Мне казалось, из каждого моего слова сквозила фальшь. Не знаю, заметила ли это чуткая Мари.
— Всё стабильно вроде, — я представил, как она пожимает хрупкими плечиками. — У тебя как? У тебя в окне не горел свет неделю, я переживала. Ты уезжал?
— Не поверишь, Шапка, по работе. Вот тут мне нет равных — даже после лоботомии или комы мой язык будет врать автономно, ни разу не запнувшись. — Еврей слетел с катушек и грозил разводом и экономическими санкциями. Пришлось включить тумблер, отвечающий за работоспособность и аналитические навыки.
— Понятно, — неопределённым, абсолютно лишённым эмоций голосом ответила она. — Хорошо.
— Давай оставим мою скучную деловую жизнь в покое, Мари. Не поленись, выгляни в подъезд, — попросил я, вглядываясь в зеркальную неопределённость её окна. — Я надеюсь, ты дома?
— Дома, — удивлённо отозвалась трубка.
И я услышал, как знакомо щёлкает её дверной замок.
— Андрей, что это? — голос Мари наконец-то приобрёл эмоциональную окраску. — Что это такое?
— Ну… — я поёжился от пробирающего до костей холода. — Я не знаю.

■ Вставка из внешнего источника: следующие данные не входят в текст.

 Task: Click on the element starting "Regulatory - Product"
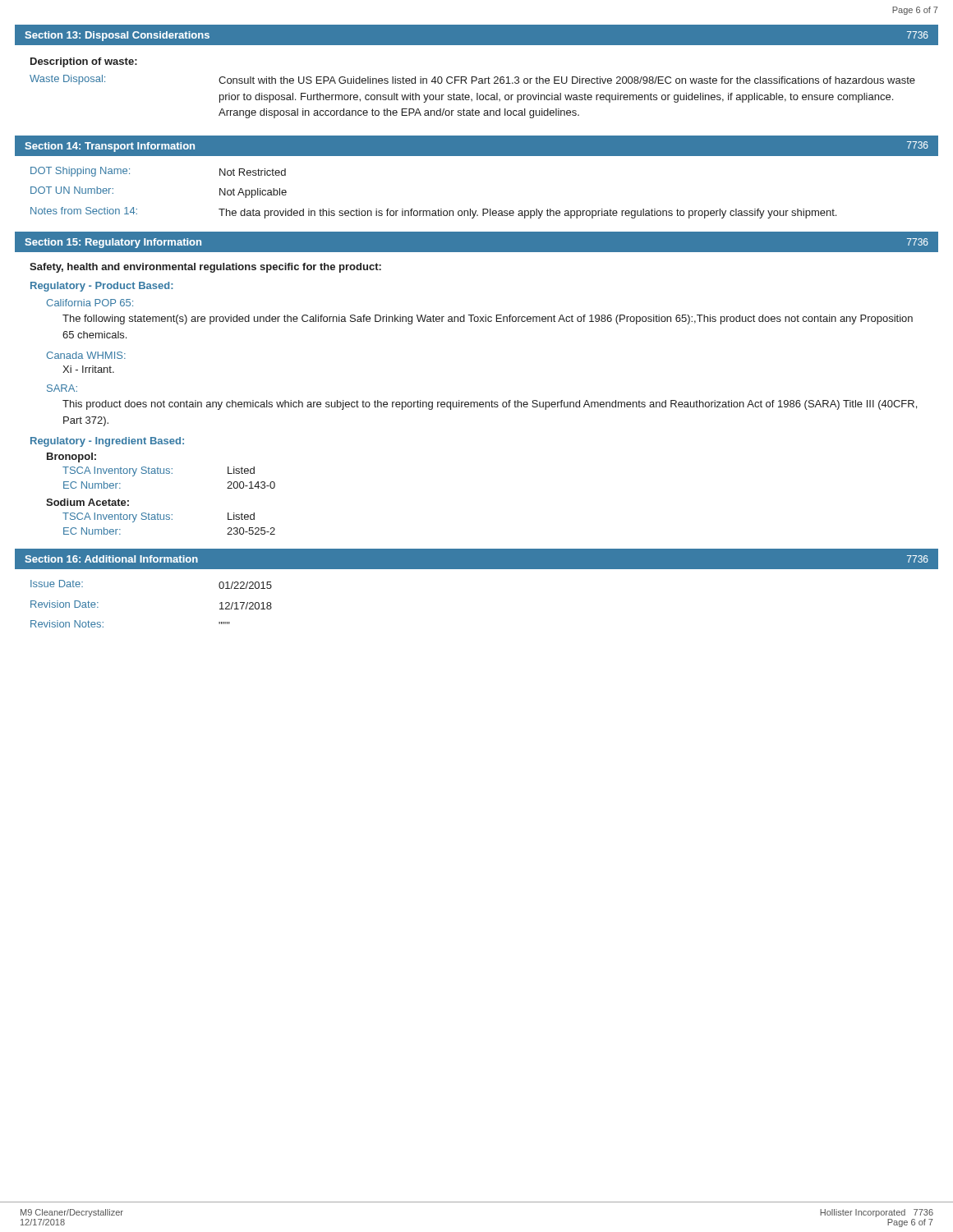[x=102, y=285]

По слухам, это оставил один робкий, но симпатичный мальчик, который привычно зассал отвечать за свои косяки и теперь позорно наблюдает издали.
— Это я понимаю, — утвердительно согласилась трубка. — Но тут цветы, Андрей, и ливерная колбаса, перевязанная ленточкой. — В трубке немного помолчали. — Что это, блять?!
— Ну… своих я оставлять поостерегся, их могли растащить по морозилкам твои люмпены-соседи. Ну, а колбаса… это как раз-таки символ.
— Символ чего, Андрюш? — голос стал похожим на услужливо-добрый голос психиатра.
— Символ того, что мои сердце, печень и яйца теперь находятся в твоём полном распоряжении, — пояснил я, закуривая сигарету.
Лёд затрещал. Вздыбился, раскололся — и его нахер унесло течением. Я слышал сквозь её смех, как потеплел её голос.
— Господи, Андрей, ты хоть осознаёшь, что ты полный псих?
Я скучал по этому смеху-колокольчику.
— Ты безумный, блять, как Шляпник!
— Ты придёшь? — посерьёзнел я. — Мне охуеть как тебя не хватало, Мари.
— И больше никаких жён? Сцен ревности? Запоев в поисках правды?
— Обещаю. Даже если мы встретимся в маршрутке в час пик, а она будет в окружении команды конкурса «Мистер Подбородок», — заверил я, стараясь, чтобы мой голос звучал привычно по-идиотски. Как у того дурака, с которого нет спросу.
— Тогда я приду, — тихо и просто сказала она. — Могу хоть сейчас.
— Чем быстрее, тем лучше, Шапка, — попросил я. — Я безумно по тебе соскучился.
— У вас с котом есть что-нибудь съестное? Я могу прийти не с пустыми руками, — засмеялась она. — У меня есть шикарная ливерная колбаса.
— Ты нихрена не понимаешь в символике, девочка, — вздохнул я. — Это не для еды. Это ответственное хранение жизненно важных запчастей моего организма.
— Прости, — захохотала трубка. — Не забыть бы предупредить бабулю.